*** Opening of Data for the task ***

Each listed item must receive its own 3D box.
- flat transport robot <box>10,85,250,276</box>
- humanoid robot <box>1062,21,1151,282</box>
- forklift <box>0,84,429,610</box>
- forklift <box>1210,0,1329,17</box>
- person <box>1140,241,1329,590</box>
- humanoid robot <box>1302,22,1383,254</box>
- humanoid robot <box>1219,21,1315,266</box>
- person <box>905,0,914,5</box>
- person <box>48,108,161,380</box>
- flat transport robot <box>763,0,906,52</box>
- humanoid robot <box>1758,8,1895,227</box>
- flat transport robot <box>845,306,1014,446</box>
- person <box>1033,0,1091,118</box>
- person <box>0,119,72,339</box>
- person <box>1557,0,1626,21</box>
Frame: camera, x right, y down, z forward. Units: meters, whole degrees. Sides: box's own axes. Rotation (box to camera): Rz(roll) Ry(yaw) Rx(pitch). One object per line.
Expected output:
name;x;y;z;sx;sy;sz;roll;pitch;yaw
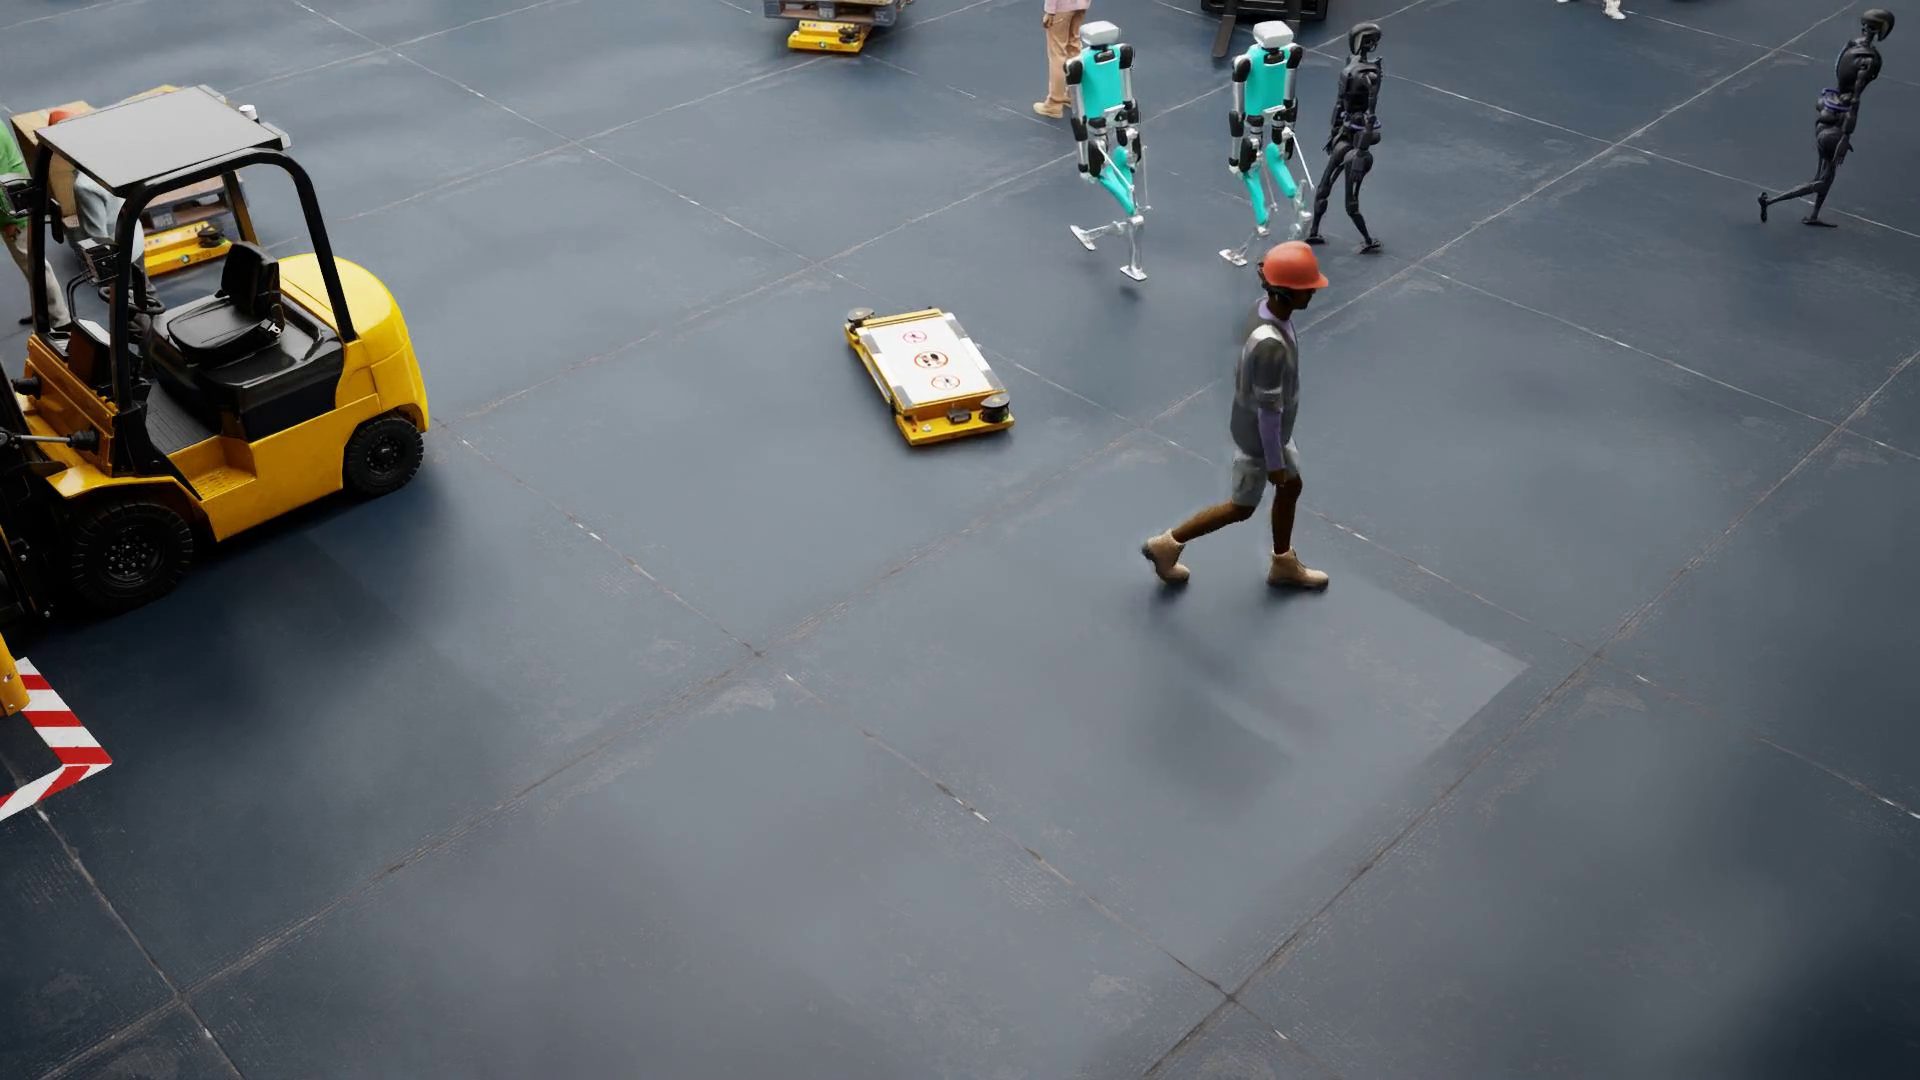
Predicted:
flat transport robot;-5.898;-2.323;12.107;0.659;0.231;1.431;-26;44;-30
humanoid robot;1.109;-2.528;11.164;0.550;1.703;1.017;-23;42;-27
forklift;-4.145;-1.093;8.856;2.313;2.155;1.214;-31;47;-34
forklift;3.106;-6.400;15.960;1.214;2.155;2.313;8;37;10
person;1.456;-0.577;8.320;0.928;2.008;0.605;8;38;11
humanoid robot;2.716;-2.756;11.536;0.604;1.651;0.608;-6;37;-8
humanoid robot;2.145;-2.531;11.176;0.552;1.779;0.880;-18;40;-23
person;-0.656;-6.083;15.746;0.373;1.940;0.630;-5;37;-7
person;-5.187;-1.803;10.181;0.352;1.740;0.571;-4;37;-5
flat transport robot;-1.115;-4.921;15.584;0.659;0.231;1.431;7;37;9
humanoid robot;6.179;-3.000;11.854;0.625;1.639;0.607;10;38;13
flat transport robot;-0.215;-1.075;10.436;0.659;0.231;1.431;-12;38;-15
person;0.883;-4.344;13.557;0.416;1.774;0.537;25;43;29
person;-6.079;-2.124;10.581;0.384;1.779;0.550;-24;43;-28
person;6.072;-5.751;15.586;0.565;1.596;0.597;4;37;5

*** Close of Data for the task ***

• **What is being asked**
List every line in the records above that contains the word "pitch".

• **Reply**
Frame: camera, x right, y down, z forward. Units: meters, whole degrees. Sides: box's own axes. Rotation (box to camera): Rz(roll) Ry(yaw) Rx(pitch). One object per line.
name;x;y;z;sx;sy;sz;roll;pitch;yaw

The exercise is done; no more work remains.